## Information provided
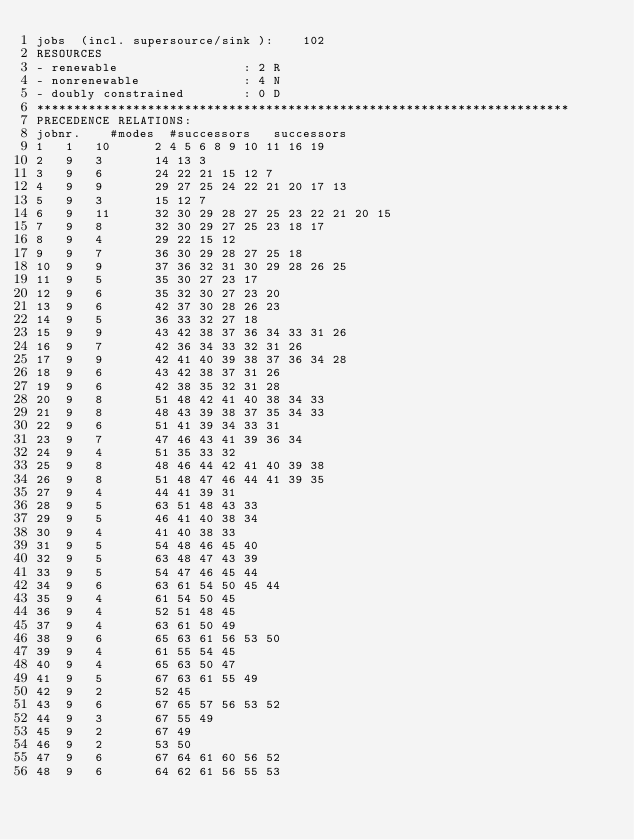Convert code to text. <code><loc_0><loc_0><loc_500><loc_500><_ObjectiveC_>jobs  (incl. supersource/sink ):	102
RESOURCES
- renewable                 : 2 R
- nonrenewable              : 4 N
- doubly constrained        : 0 D
************************************************************************
PRECEDENCE RELATIONS:
jobnr.    #modes  #successors   successors
1	1	10		2 4 5 6 8 9 10 11 16 19 
2	9	3		14 13 3 
3	9	6		24 22 21 15 12 7 
4	9	9		29 27 25 24 22 21 20 17 13 
5	9	3		15 12 7 
6	9	11		32 30 29 28 27 25 23 22 21 20 15 
7	9	8		32 30 29 27 25 23 18 17 
8	9	4		29 22 15 12 
9	9	7		36 30 29 28 27 25 18 
10	9	9		37 36 32 31 30 29 28 26 25 
11	9	5		35 30 27 23 17 
12	9	6		35 32 30 27 23 20 
13	9	6		42 37 30 28 26 23 
14	9	5		36 33 32 27 18 
15	9	9		43 42 38 37 36 34 33 31 26 
16	9	7		42 36 34 33 32 31 26 
17	9	9		42 41 40 39 38 37 36 34 28 
18	9	6		43 42 38 37 31 26 
19	9	6		42 38 35 32 31 28 
20	9	8		51 48 42 41 40 38 34 33 
21	9	8		48 43 39 38 37 35 34 33 
22	9	6		51 41 39 34 33 31 
23	9	7		47 46 43 41 39 36 34 
24	9	4		51 35 33 32 
25	9	8		48 46 44 42 41 40 39 38 
26	9	8		51 48 47 46 44 41 39 35 
27	9	4		44 41 39 31 
28	9	5		63 51 48 43 33 
29	9	5		46 41 40 38 34 
30	9	4		41 40 38 33 
31	9	5		54 48 46 45 40 
32	9	5		63 48 47 43 39 
33	9	5		54 47 46 45 44 
34	9	6		63 61 54 50 45 44 
35	9	4		61 54 50 45 
36	9	4		52 51 48 45 
37	9	4		63 61 50 49 
38	9	6		65 63 61 56 53 50 
39	9	4		61 55 54 45 
40	9	4		65 63 50 47 
41	9	5		67 63 61 55 49 
42	9	2		52 45 
43	9	6		67 65 57 56 53 52 
44	9	3		67 55 49 
45	9	2		67 49 
46	9	2		53 50 
47	9	6		67 64 61 60 56 52 
48	9	6		64 62 61 56 55 53 </code> 
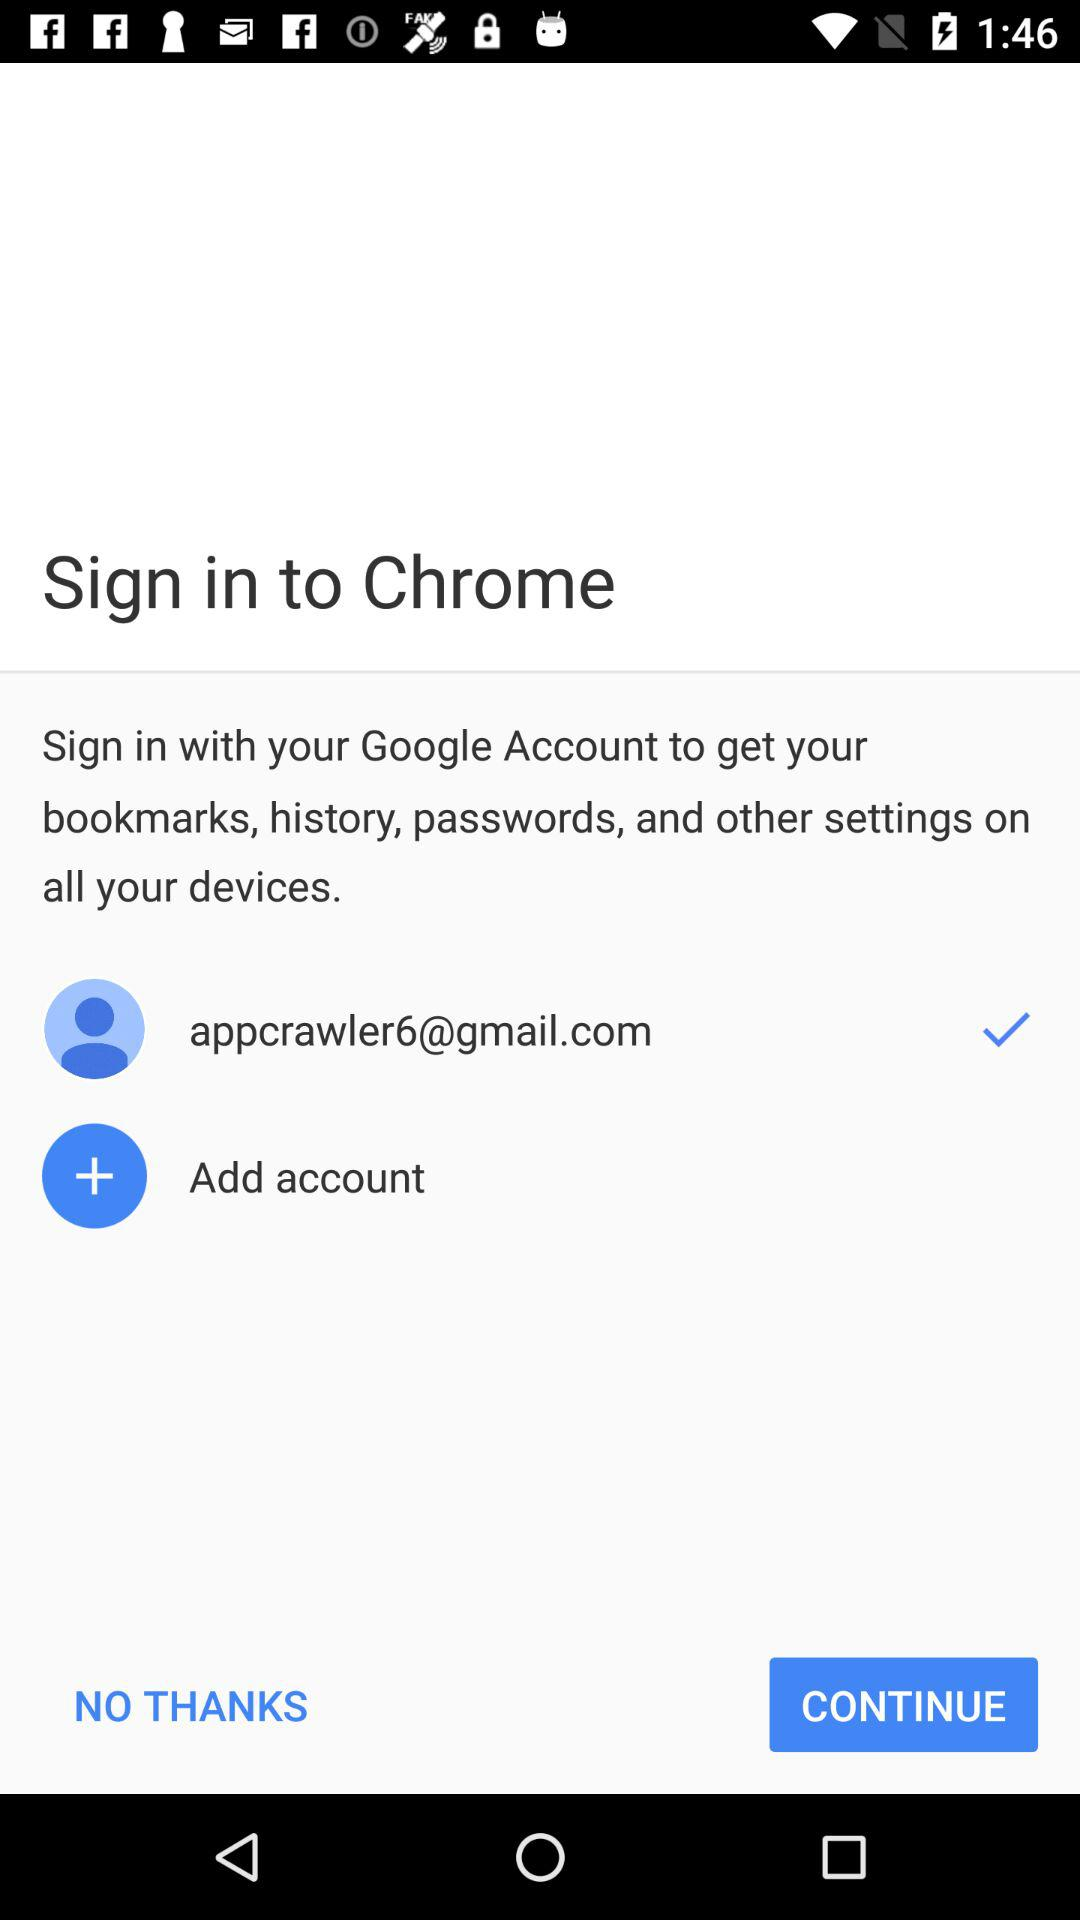What email ID is used for sign in? The email ID used is appcrawler6@gmail.com. 
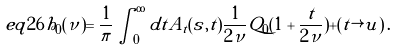<formula> <loc_0><loc_0><loc_500><loc_500>e q 2 6 \tilde { h } _ { 0 } ( \nu ) = \frac { 1 } { \pi } \int _ { 0 } ^ { \infty } d t \tilde { A } _ { t } ( s , t ) \frac { 1 } { 2 \nu } Q _ { 0 } ( 1 + \frac { t } { 2 \nu } ) + ( t \rightarrow u ) \, .</formula> 
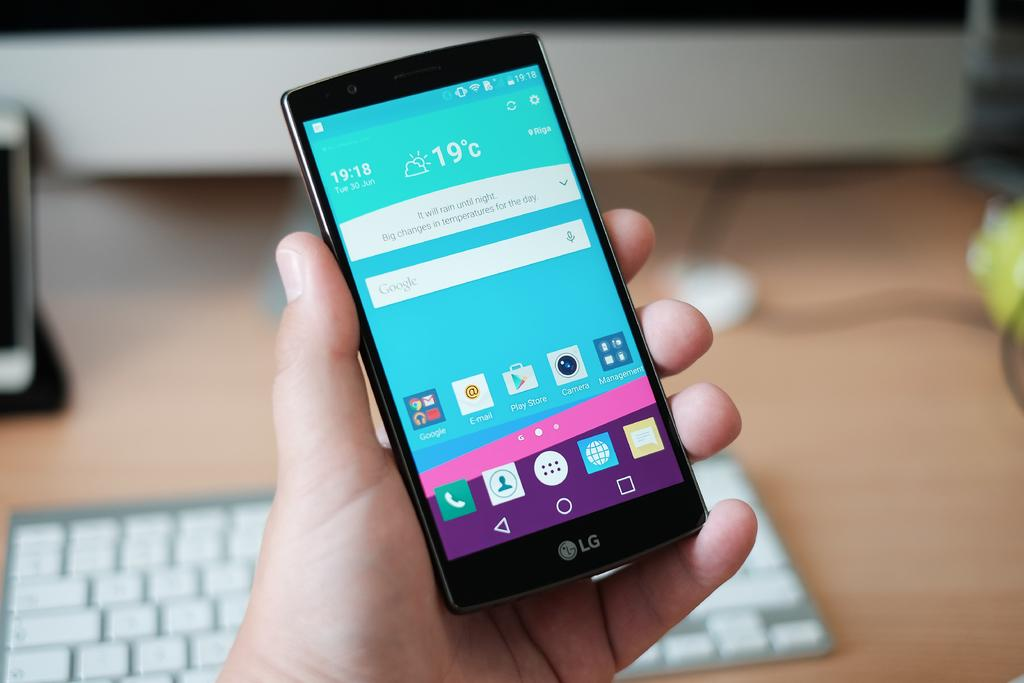<image>
Offer a succinct explanation of the picture presented. a phone that has the number 19 on it 
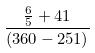Convert formula to latex. <formula><loc_0><loc_0><loc_500><loc_500>\frac { \frac { 6 } { 5 } + 4 1 } { ( 3 6 0 - 2 5 1 ) }</formula> 
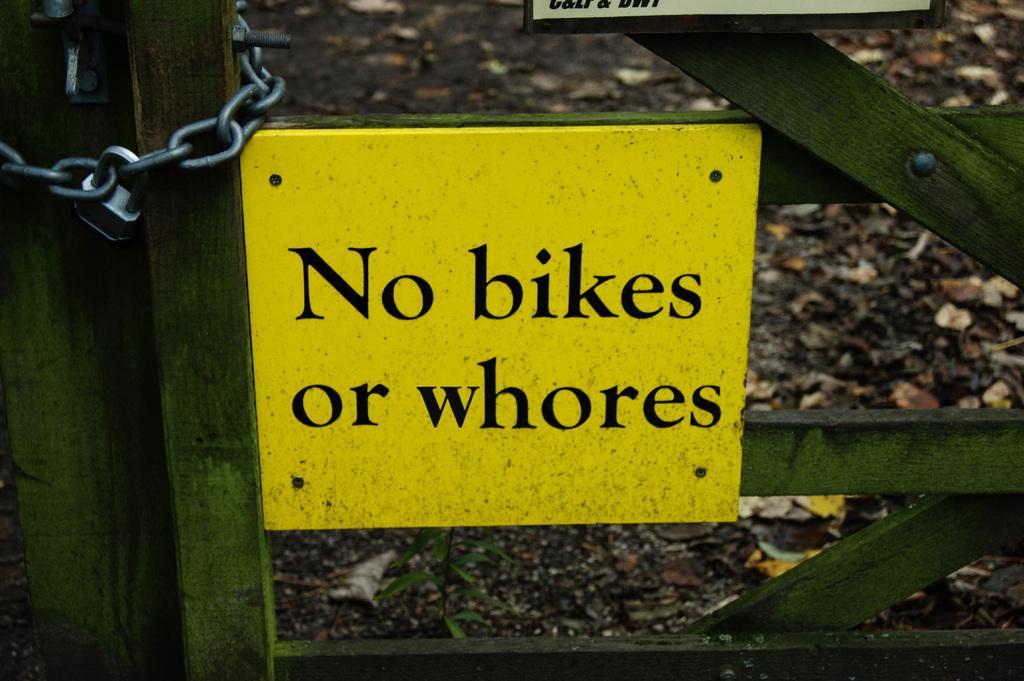Could you give a brief overview of what you see in this image? In this image, we can see a wooden fence, there is a yellow color board on the fence, we can see a chain and a lock on the left side. 
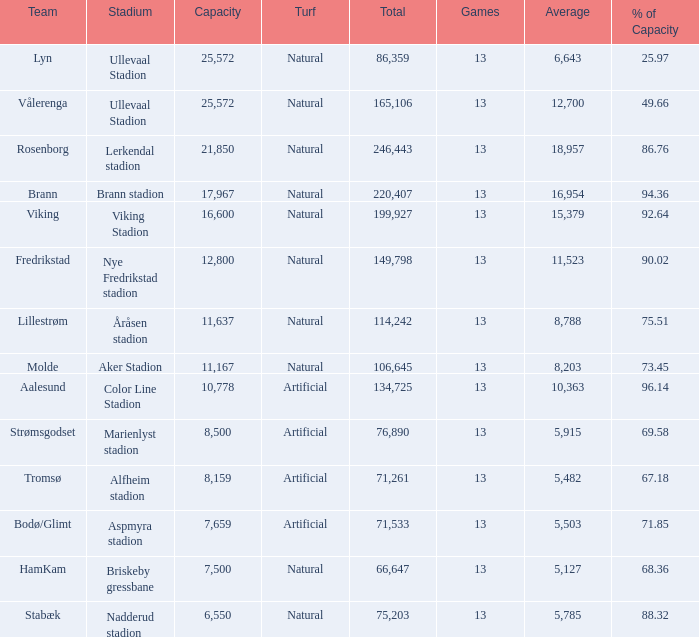14%? None. 
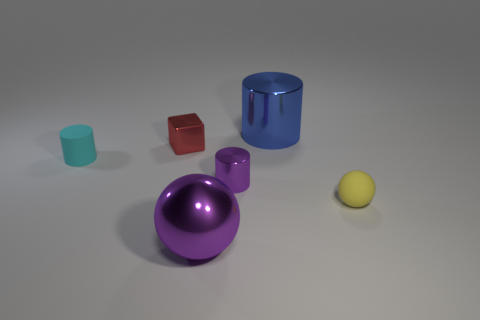There is a blue object that is the same shape as the small purple thing; what material is it?
Make the answer very short. Metal. How many metal objects are small purple cylinders or large blue things?
Ensure brevity in your answer.  2. There is a rubber thing that is on the right side of the large object on the left side of the cylinder behind the cyan object; what color is it?
Your answer should be very brief. Yellow. What number of other objects are the same material as the small yellow thing?
Your answer should be very brief. 1. Is the shape of the small matte object that is on the left side of the large cylinder the same as  the small yellow object?
Offer a very short reply. No. What number of large things are red rubber cylinders or red metal cubes?
Offer a terse response. 0. Are there an equal number of matte spheres on the left side of the yellow object and tiny red metal cubes behind the shiny block?
Give a very brief answer. Yes. How many other things are there of the same color as the tiny rubber cylinder?
Give a very brief answer. 0. There is a shiny ball; does it have the same color as the ball to the right of the tiny purple object?
Make the answer very short. No. How many purple objects are either balls or shiny objects?
Your answer should be very brief. 2. 
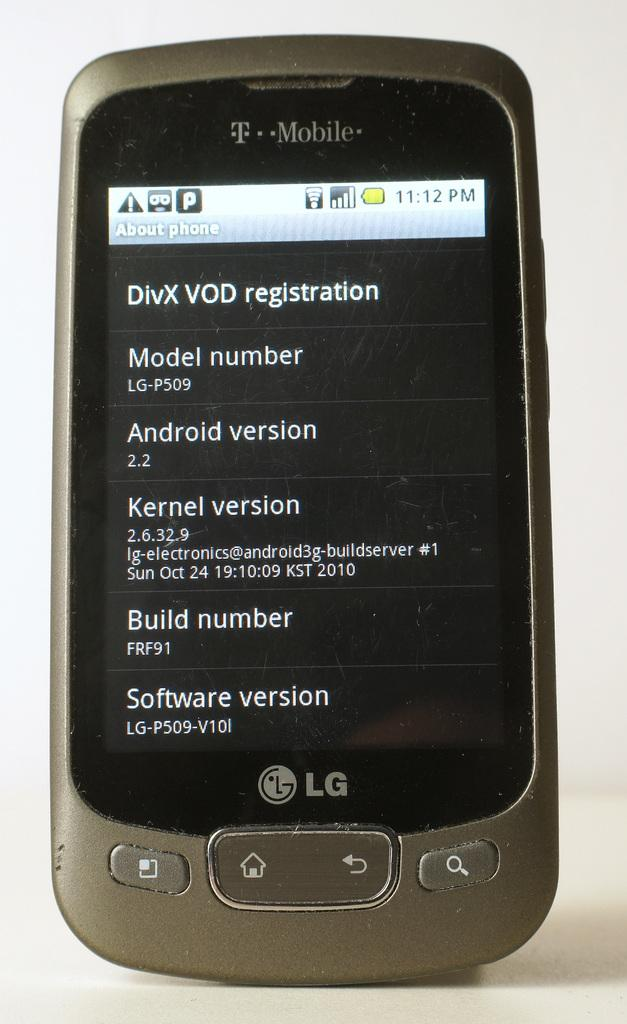<image>
Summarize the visual content of the image. The screen of an LG branded cell phone that is looking at its software settings.

## Exercise prompt
Could you write out the whole listing exactly, skipping every picture?

## Output of the task
Convert code to text. <code><loc_0><loc_0><loc_500><loc_500><_ObjectiveC_>jobs  (incl. supersource/sink ):	102
RESOURCES
- renewable                 : 2 R
- nonrenewable              : 4 N
- doubly constrained        : 0 D
************************************************************************
PRECEDENCE RELATIONS:
jobnr.    #modes  #successors   successors
1	1	10		2 4 5 6 8 9 10 11 16 19 
2	9	3		14 13 3 
3	9	6		24 22 21 15 12 7 
4	9	9		29 27 25 24 22 21 20 17 13 
5	9	3		15 12 7 
6	9	11		32 30 29 28 27 25 23 22 21 20 15 
7	9	8		32 30 29 27 25 23 18 17 
8	9	4		29 22 15 12 
9	9	7		36 30 29 28 27 25 18 
10	9	9		37 36 32 31 30 29 28 26 25 
11	9	5		35 30 27 23 17 
12	9	6		35 32 30 27 23 20 
13	9	6		42 37 30 28 26 23 
14	9	5		36 33 32 27 18 
15	9	9		43 42 38 37 36 34 33 31 26 
16	9	7		42 36 34 33 32 31 26 
17	9	9		42 41 40 39 38 37 36 34 28 
18	9	6		43 42 38 37 31 26 
19	9	6		42 38 35 32 31 28 
20	9	8		51 48 42 41 40 38 34 33 
21	9	8		48 43 39 38 37 35 34 33 
22	9	6		51 41 39 34 33 31 
23	9	7		47 46 43 41 39 36 34 
24	9	4		51 35 33 32 
25	9	8		48 46 44 42 41 40 39 38 
26	9	8		51 48 47 46 44 41 39 35 
27	9	4		44 41 39 31 
28	9	5		63 51 48 43 33 
29	9	5		46 41 40 38 34 
30	9	4		41 40 38 33 
31	9	5		54 48 46 45 40 
32	9	5		63 48 47 43 39 
33	9	5		54 47 46 45 44 
34	9	6		63 61 54 50 45 44 
35	9	4		61 54 50 45 
36	9	4		52 51 48 45 
37	9	4		63 61 50 49 
38	9	6		65 63 61 56 53 50 
39	9	4		61 55 54 45 
40	9	4		65 63 50 47 
41	9	5		67 63 61 55 49 
42	9	2		52 45 
43	9	6		67 65 57 56 53 52 
44	9	3		67 55 49 
45	9	2		67 49 
46	9	2		53 50 
47	9	6		67 64 61 60 56 52 
48	9	6		64 62 61 56 55 53 </code> 
What email ID is used for sign in? The email ID used is appcrawler6@gmail.com. 
<formula> <loc_0><loc_0><loc_500><loc_500>e q 2 6 \tilde { h } _ { 0 } ( \nu ) = \frac { 1 } { \pi } \int _ { 0 } ^ { \infty } d t \tilde { A } _ { t } ( s , t ) \frac { 1 } { 2 \nu } Q _ { 0 } ( 1 + \frac { t } { 2 \nu } ) + ( t \rightarrow u ) \, .</formula> 
<image>
Offer a succinct explanation of the picture presented. a phone that has the number 19 on it 
Convert formula to latex. <formula><loc_0><loc_0><loc_500><loc_500>\frac { \frac { 6 } { 5 } + 4 1 } { ( 3 6 0 - 2 5 1 ) }</formula> 
Could you give a brief overview of what you see in this image? In this image, we can see a wooden fence, there is a yellow color board on the fence, we can see a chain and a lock on the left side. 
14%? None. 
There is a blue object that is the same shape as the small purple thing; what material is it?
Make the answer very short. Metal. How many metal objects are small purple cylinders or large blue things?
Ensure brevity in your answer.  2. There is a rubber thing that is on the right side of the large object on the left side of the cylinder behind the cyan object; what color is it?
Your answer should be very brief. Yellow. What number of other objects are the same material as the small yellow thing?
Your answer should be very brief. 1. Is the shape of the small matte object that is on the left side of the large cylinder the same as  the small yellow object?
Offer a very short reply. No. What number of large things are red rubber cylinders or red metal cubes?
Offer a terse response. 0. Are there an equal number of matte spheres on the left side of the yellow object and tiny red metal cubes behind the shiny block?
Give a very brief answer. Yes. How many other things are there of the same color as the tiny rubber cylinder?
Give a very brief answer. 0. There is a shiny ball; does it have the same color as the ball to the right of the tiny purple object?
Make the answer very short. No. How many purple objects are either balls or shiny objects?
Your answer should be very brief. 2. 
<image>
Summarize the visual content of the image. The screen of an LG branded cell phone that is looking at its software settings.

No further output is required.